**What you need to do:**
What lines below include the string "information"? Pick them out and copy them.

**Data section:**

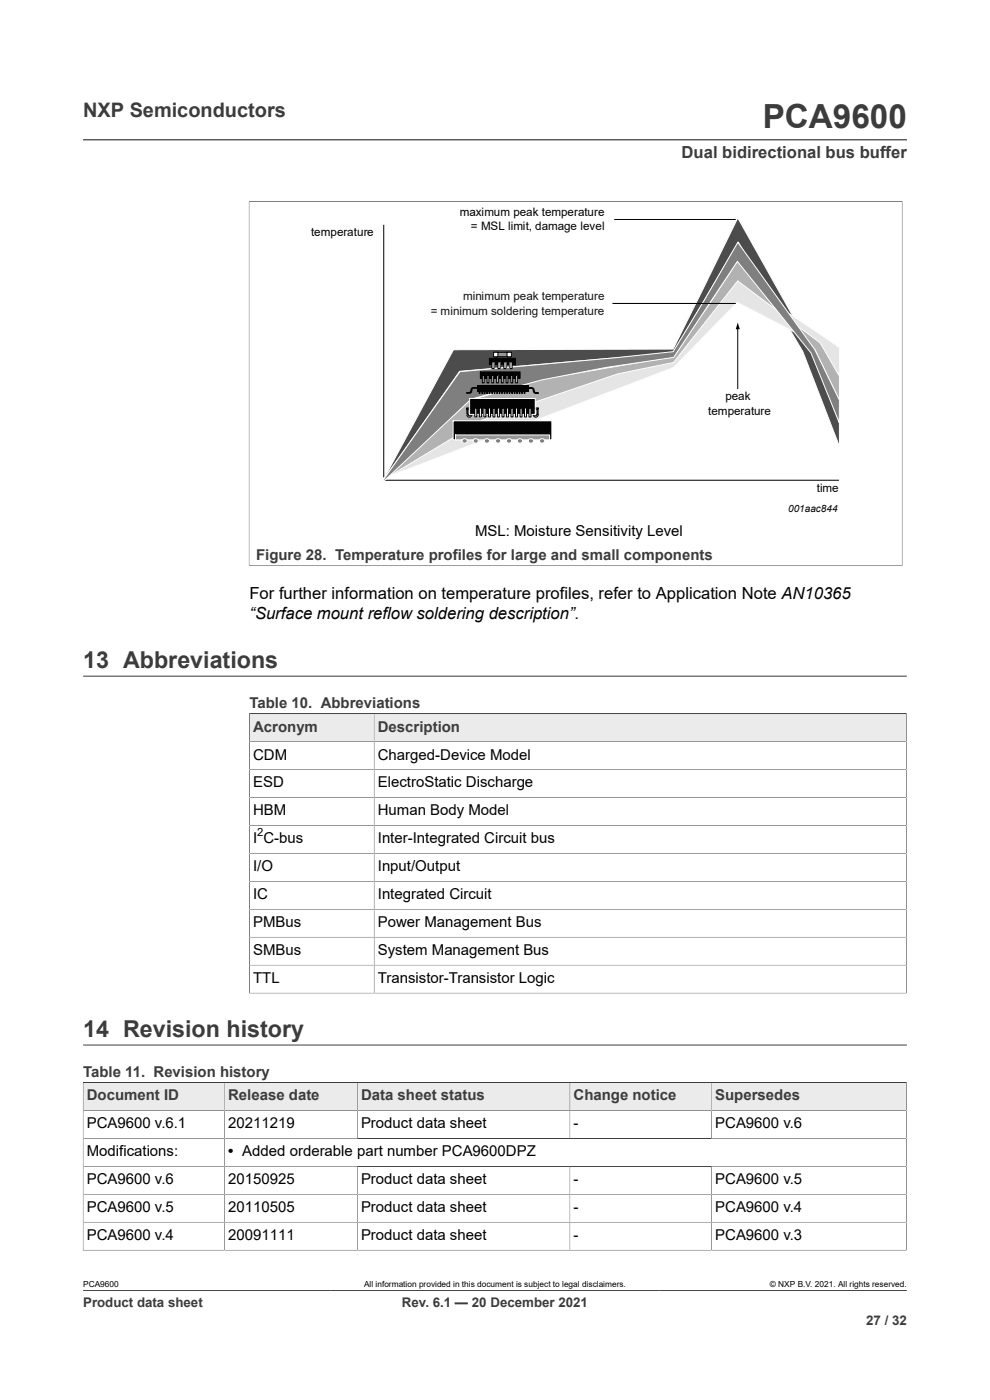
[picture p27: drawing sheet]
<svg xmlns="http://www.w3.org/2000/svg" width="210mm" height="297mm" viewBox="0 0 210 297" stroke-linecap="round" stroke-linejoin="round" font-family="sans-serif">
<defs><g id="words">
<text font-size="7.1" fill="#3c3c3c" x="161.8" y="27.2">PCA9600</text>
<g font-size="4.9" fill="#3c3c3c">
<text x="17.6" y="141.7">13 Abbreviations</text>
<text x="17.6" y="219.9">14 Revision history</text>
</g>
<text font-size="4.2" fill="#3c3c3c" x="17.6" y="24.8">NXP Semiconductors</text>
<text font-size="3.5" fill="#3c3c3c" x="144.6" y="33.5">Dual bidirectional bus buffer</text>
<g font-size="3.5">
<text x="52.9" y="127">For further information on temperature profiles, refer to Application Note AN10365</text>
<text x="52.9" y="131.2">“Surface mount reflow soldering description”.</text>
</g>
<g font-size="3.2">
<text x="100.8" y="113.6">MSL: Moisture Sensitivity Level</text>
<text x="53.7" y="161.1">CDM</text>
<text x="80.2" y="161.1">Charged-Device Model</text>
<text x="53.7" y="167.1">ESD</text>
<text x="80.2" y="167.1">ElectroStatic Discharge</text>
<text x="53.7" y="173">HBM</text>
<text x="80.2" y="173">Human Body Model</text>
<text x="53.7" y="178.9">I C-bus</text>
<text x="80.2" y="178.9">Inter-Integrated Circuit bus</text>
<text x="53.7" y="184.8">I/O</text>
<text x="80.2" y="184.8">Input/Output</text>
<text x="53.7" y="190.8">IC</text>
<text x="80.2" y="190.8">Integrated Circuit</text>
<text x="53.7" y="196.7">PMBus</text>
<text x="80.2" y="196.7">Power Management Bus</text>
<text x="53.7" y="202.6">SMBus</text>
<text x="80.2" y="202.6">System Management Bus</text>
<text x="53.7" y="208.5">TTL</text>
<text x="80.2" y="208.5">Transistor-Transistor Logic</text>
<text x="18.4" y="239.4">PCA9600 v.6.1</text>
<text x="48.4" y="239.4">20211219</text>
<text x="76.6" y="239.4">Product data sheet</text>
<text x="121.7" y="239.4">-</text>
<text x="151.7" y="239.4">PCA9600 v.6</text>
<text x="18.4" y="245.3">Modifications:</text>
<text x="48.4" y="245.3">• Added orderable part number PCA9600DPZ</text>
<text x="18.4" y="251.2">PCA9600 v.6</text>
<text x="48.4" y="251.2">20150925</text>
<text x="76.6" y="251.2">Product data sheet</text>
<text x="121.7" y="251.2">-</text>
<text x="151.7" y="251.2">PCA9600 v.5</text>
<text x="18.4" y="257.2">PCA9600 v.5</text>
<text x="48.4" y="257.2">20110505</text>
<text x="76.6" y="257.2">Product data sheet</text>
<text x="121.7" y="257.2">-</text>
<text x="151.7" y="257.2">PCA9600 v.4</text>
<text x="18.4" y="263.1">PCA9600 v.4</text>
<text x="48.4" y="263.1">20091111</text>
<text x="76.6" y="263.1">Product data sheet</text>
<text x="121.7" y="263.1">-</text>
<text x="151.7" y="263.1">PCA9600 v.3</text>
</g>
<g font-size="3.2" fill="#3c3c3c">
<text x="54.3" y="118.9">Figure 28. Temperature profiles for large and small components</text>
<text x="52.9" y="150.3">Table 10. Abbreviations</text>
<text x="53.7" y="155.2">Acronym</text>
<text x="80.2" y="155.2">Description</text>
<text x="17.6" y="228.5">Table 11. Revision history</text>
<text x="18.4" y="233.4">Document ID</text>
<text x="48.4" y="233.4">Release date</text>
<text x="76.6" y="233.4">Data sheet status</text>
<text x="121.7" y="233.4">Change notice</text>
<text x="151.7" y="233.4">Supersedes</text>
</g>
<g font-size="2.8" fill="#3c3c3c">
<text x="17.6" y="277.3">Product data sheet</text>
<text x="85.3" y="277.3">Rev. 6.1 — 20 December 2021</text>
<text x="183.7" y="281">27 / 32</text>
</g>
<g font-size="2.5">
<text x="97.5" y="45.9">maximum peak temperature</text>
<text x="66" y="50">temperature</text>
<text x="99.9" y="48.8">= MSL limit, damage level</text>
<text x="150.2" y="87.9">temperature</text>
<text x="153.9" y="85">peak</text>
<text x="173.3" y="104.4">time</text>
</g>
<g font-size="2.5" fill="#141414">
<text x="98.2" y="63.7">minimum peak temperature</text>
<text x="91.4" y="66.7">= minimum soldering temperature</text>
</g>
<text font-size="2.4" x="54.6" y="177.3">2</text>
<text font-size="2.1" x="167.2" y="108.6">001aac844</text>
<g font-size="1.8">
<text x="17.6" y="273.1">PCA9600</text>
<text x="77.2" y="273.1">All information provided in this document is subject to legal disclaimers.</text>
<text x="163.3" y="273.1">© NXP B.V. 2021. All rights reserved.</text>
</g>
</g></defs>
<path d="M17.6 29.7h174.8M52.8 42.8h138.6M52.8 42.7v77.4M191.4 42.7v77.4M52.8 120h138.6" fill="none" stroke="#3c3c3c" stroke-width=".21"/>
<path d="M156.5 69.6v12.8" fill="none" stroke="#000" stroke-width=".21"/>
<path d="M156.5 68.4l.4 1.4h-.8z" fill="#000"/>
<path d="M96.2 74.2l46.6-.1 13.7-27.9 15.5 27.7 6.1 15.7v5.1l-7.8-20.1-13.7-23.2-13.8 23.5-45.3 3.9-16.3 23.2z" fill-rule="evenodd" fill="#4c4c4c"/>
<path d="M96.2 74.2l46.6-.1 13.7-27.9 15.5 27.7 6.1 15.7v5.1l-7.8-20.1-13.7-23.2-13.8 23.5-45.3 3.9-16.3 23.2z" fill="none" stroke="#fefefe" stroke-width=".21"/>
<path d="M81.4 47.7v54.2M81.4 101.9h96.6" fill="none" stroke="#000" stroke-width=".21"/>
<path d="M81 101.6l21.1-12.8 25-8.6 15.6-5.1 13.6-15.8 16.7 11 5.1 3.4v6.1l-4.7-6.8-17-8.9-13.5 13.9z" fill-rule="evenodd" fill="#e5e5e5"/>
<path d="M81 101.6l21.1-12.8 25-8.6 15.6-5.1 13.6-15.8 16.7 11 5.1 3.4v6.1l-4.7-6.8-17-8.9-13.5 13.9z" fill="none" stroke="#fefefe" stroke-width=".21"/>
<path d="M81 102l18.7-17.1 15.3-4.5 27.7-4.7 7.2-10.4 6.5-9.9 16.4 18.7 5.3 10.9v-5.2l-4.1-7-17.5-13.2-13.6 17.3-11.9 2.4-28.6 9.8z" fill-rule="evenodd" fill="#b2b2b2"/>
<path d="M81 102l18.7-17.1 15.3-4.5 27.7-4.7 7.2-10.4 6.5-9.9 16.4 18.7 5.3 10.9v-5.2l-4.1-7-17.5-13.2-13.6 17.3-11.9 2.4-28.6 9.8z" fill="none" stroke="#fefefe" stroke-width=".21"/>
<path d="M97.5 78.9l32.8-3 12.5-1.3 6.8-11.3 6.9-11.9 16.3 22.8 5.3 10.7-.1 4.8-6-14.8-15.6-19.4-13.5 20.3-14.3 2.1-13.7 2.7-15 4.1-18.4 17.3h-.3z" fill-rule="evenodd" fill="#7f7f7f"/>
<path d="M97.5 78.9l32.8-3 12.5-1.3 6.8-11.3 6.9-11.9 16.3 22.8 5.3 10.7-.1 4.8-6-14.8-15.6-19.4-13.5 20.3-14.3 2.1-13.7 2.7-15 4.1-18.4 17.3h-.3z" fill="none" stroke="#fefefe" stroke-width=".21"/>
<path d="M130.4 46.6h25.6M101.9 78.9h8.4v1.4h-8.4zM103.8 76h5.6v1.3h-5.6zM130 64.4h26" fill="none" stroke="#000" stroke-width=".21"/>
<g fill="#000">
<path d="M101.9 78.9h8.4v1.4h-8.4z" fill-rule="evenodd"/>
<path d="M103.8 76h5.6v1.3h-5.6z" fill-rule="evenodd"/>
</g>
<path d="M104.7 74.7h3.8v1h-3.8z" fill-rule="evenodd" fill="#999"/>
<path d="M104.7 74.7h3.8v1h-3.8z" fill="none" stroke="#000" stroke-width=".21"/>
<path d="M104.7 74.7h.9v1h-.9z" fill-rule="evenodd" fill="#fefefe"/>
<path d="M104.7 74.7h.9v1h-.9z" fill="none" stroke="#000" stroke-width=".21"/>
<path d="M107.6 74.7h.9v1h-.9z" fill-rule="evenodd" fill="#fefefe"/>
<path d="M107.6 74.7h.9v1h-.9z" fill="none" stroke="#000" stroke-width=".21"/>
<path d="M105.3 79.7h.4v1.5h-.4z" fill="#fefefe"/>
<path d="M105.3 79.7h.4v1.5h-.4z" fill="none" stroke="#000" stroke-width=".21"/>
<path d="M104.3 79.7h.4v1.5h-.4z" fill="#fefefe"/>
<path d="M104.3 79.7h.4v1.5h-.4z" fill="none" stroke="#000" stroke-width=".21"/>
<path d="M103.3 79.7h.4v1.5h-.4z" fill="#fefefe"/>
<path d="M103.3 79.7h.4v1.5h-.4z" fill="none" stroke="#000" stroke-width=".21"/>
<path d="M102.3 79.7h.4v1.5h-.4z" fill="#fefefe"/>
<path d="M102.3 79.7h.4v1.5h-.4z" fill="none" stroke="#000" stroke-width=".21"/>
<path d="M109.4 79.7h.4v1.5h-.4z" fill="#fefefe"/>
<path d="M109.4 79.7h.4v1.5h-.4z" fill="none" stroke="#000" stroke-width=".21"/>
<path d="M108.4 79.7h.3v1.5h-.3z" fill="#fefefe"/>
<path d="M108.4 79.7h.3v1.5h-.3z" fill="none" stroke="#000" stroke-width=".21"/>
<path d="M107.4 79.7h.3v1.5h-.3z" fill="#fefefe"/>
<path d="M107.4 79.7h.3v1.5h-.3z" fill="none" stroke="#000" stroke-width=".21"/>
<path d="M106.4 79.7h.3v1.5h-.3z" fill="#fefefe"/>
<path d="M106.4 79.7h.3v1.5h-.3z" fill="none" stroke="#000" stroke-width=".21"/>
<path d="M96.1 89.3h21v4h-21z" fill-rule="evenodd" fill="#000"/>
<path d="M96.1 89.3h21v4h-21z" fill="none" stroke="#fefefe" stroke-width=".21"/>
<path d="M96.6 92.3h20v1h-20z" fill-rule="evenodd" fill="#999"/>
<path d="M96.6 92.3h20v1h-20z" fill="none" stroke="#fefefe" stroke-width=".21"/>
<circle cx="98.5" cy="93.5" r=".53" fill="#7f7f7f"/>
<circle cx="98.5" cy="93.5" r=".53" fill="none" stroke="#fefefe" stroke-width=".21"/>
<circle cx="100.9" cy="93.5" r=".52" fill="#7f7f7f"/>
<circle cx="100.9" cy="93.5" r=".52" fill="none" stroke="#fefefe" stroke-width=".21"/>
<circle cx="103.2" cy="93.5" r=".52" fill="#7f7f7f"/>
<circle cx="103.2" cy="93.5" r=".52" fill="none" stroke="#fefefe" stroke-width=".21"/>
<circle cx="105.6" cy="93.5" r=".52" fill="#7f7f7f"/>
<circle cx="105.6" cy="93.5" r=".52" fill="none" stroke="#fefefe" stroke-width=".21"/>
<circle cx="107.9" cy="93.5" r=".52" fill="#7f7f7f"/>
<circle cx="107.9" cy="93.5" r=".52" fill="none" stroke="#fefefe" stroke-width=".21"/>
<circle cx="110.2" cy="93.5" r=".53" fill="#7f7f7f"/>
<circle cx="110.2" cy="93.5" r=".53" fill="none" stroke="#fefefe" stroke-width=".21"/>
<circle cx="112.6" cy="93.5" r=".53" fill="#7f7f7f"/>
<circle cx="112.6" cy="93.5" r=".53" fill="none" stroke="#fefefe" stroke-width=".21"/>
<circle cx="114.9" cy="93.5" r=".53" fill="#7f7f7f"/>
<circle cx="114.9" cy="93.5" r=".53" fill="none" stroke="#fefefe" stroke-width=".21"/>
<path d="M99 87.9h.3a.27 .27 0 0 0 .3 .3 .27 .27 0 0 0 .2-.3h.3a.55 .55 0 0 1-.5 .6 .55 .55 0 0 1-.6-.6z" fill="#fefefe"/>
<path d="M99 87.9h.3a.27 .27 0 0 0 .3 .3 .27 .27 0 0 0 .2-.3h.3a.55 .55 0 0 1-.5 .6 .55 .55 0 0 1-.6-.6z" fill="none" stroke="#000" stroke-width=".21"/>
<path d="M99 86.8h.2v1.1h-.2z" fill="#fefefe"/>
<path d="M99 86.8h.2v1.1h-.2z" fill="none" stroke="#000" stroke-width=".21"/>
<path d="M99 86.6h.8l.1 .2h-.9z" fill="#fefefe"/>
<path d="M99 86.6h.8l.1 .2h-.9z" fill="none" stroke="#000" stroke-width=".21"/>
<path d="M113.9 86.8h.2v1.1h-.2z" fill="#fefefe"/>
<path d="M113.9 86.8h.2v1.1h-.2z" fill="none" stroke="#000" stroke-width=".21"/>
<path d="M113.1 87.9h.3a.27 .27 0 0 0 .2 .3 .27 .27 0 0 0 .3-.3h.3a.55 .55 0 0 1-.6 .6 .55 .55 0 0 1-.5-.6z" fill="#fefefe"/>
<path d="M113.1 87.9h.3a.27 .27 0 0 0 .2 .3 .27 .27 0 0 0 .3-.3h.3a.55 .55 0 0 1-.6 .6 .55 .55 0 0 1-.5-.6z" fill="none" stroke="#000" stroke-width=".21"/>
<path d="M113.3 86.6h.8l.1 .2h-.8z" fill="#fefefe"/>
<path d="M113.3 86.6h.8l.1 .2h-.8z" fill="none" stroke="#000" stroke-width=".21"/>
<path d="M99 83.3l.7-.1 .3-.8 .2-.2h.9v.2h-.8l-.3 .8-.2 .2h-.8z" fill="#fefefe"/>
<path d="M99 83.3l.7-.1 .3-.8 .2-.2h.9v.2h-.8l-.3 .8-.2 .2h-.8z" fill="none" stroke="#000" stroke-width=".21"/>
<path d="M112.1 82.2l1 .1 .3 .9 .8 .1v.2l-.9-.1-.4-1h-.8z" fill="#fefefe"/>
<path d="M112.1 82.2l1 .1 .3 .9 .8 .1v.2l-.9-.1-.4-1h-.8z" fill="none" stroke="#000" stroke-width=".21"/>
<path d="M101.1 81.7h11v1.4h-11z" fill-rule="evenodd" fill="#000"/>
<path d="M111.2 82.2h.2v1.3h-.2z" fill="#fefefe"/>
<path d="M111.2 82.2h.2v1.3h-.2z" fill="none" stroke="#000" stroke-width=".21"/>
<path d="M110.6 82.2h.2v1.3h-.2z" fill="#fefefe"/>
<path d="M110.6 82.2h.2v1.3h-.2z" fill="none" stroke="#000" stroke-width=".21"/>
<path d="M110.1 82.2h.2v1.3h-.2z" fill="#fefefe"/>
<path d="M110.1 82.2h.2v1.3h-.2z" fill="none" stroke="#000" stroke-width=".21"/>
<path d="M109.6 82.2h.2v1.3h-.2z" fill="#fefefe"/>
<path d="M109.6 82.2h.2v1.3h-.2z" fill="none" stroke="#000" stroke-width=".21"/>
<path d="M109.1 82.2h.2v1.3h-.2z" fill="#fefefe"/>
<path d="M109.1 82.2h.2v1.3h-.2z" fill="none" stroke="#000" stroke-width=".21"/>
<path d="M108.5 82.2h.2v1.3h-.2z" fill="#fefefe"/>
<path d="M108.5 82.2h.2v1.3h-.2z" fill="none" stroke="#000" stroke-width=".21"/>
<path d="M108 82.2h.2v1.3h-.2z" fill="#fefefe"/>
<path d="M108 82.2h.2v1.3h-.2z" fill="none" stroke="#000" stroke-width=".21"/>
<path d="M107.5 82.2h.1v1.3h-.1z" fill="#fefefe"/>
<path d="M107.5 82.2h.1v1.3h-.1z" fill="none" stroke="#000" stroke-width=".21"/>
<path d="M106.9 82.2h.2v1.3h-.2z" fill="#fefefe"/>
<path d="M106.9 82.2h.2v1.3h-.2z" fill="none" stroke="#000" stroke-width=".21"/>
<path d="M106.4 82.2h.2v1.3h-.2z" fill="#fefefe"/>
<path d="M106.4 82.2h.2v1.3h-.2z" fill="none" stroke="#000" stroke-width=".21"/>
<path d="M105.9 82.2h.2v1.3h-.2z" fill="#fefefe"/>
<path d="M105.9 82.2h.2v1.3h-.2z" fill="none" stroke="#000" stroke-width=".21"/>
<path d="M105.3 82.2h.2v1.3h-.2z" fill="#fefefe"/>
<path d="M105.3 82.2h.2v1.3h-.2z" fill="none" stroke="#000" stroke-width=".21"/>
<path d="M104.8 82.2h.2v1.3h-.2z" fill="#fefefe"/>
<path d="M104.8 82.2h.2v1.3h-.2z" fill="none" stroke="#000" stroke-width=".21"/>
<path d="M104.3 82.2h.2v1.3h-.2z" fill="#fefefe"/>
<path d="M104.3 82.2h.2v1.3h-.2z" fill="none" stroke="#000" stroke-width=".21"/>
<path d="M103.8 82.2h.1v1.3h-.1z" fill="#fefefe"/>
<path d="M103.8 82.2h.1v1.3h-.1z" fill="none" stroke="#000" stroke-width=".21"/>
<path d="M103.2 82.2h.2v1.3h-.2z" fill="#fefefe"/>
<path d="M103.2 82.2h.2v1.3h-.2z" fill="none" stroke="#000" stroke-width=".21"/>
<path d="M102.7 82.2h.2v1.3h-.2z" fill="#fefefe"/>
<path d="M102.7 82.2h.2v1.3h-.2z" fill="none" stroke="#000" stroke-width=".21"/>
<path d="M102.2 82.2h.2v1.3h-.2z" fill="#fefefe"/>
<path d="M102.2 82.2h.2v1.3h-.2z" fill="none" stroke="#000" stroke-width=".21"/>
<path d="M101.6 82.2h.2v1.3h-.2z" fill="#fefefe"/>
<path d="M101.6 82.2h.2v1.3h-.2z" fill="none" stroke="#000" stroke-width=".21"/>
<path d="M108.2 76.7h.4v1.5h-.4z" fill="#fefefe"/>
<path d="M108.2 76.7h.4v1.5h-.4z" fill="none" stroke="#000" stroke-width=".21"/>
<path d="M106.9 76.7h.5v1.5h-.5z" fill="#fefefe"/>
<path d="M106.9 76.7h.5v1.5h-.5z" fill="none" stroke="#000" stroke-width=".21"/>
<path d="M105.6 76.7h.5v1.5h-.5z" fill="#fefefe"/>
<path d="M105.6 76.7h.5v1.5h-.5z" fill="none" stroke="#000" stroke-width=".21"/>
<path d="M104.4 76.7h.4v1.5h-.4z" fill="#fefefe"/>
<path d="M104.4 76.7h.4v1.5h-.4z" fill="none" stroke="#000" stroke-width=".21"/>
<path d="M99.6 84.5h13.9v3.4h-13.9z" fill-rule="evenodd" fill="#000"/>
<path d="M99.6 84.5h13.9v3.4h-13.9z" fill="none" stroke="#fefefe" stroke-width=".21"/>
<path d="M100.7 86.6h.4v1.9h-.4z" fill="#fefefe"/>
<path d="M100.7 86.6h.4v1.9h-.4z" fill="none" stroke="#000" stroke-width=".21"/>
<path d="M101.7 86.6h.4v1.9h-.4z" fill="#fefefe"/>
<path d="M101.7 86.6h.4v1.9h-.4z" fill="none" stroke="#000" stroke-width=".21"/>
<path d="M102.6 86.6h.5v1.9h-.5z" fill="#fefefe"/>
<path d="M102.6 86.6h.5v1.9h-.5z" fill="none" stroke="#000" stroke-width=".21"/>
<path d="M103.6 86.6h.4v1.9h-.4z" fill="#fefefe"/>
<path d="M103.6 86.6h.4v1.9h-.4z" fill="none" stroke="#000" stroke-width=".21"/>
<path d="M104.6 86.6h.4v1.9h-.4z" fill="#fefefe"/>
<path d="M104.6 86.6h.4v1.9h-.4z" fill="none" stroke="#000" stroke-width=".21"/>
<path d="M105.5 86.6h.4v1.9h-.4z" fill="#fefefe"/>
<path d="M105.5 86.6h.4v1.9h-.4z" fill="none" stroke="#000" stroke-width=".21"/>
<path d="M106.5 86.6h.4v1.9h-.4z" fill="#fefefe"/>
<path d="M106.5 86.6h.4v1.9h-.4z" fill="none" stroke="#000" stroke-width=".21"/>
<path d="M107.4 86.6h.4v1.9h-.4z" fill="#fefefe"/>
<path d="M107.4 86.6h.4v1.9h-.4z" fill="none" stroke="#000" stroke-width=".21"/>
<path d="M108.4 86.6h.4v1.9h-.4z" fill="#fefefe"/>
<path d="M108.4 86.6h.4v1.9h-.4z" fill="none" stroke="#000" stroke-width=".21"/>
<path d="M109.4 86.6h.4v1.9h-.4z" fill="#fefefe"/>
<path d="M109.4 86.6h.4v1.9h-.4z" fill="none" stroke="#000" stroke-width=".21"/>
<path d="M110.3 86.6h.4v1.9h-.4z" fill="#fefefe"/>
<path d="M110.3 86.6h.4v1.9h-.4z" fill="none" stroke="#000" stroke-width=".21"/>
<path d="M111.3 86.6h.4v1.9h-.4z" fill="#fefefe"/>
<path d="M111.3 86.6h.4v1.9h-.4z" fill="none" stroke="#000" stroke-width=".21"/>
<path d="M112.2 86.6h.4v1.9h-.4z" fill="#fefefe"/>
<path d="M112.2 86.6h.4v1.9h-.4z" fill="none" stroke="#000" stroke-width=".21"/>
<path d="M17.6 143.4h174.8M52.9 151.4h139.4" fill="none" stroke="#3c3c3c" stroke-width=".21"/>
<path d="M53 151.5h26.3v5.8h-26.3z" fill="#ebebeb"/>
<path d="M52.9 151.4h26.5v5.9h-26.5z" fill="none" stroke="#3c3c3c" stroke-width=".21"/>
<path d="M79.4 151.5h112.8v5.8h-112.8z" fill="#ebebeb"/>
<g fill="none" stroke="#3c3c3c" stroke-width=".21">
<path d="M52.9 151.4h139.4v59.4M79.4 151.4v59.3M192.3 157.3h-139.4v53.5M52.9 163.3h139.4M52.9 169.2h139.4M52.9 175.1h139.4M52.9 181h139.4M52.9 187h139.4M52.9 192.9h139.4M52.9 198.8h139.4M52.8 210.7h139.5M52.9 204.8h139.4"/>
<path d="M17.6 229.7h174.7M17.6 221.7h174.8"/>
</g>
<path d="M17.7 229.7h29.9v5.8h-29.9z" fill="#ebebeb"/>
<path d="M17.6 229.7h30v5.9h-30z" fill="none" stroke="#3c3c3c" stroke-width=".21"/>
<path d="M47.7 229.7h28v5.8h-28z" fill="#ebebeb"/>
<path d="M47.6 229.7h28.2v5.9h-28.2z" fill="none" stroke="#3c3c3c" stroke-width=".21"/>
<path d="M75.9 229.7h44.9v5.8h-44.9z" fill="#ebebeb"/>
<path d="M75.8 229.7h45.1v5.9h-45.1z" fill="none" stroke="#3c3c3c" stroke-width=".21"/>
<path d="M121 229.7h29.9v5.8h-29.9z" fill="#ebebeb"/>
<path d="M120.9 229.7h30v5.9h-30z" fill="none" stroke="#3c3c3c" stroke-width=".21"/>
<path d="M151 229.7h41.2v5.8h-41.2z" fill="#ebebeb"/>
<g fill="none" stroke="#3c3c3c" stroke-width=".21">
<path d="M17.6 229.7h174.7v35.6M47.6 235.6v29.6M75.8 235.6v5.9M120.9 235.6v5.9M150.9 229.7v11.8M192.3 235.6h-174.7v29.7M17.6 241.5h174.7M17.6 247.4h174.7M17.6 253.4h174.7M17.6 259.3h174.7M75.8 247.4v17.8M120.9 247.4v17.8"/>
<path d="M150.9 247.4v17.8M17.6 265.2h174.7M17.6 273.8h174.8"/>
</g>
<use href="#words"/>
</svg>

**Your response:**
<text x="52.9" y="127">For further information on temperature profiles, refer to Application Note AN10365</text>
<text x="77.2" y="273.1">All information provided in this document is subject to legal disclaimers.</text>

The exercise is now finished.